» **Collection entries**
↓

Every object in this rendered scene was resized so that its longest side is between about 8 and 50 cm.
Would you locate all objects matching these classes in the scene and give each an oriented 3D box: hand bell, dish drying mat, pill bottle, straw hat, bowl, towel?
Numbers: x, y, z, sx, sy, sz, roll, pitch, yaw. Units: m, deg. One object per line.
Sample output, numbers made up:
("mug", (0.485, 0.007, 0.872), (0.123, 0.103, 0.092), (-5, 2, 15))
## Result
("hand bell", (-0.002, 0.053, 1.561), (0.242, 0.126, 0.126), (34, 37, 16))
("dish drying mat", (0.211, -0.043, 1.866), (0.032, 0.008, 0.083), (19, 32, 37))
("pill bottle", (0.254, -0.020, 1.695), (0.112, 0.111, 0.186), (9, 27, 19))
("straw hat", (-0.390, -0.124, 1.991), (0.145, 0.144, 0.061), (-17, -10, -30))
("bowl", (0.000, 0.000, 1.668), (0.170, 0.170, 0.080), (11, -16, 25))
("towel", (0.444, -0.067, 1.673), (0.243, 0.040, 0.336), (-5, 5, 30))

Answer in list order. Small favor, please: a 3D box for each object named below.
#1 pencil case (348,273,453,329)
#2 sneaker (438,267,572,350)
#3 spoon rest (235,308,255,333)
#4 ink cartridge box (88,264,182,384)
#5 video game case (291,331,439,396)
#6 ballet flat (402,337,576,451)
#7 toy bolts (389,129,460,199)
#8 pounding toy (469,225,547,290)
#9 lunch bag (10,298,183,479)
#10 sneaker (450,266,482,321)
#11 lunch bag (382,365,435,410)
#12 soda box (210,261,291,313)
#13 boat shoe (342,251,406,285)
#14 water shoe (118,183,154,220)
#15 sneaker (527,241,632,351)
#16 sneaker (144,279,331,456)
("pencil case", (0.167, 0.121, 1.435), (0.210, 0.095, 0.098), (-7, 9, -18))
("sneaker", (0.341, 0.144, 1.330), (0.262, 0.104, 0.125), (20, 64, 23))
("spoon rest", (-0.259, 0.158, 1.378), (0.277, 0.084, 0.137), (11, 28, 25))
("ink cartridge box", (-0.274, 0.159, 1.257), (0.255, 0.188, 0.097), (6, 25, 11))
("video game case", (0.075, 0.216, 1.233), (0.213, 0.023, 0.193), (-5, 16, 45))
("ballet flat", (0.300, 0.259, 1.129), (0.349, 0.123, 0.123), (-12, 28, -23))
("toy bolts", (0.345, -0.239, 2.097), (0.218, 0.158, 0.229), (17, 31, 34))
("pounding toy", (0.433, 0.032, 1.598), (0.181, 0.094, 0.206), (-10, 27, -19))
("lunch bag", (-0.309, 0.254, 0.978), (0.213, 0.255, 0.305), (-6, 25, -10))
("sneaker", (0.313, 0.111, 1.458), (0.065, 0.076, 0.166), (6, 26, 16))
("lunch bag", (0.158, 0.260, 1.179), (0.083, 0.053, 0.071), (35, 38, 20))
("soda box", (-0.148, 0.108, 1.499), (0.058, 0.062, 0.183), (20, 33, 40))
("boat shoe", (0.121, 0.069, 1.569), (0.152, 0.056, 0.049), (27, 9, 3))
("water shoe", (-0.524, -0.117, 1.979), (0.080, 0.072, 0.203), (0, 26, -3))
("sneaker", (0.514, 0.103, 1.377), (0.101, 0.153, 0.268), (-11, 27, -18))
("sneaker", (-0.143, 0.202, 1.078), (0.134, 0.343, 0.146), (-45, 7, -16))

↑

» **WORK TO BE COMPLETED**
When you reach the line containing "#6 ballet flat (402,337,576,451)" in the data above, start copying exactly, and stop after the line containing "#15 sneaker (527,241,632,351)".

» **EXERCISE OUTPUT**
#6 ballet flat (402,337,576,451)
#7 toy bolts (389,129,460,199)
#8 pounding toy (469,225,547,290)
#9 lunch bag (10,298,183,479)
#10 sneaker (450,266,482,321)
#11 lunch bag (382,365,435,410)
#12 soda box (210,261,291,313)
#13 boat shoe (342,251,406,285)
#14 water shoe (118,183,154,220)
#15 sneaker (527,241,632,351)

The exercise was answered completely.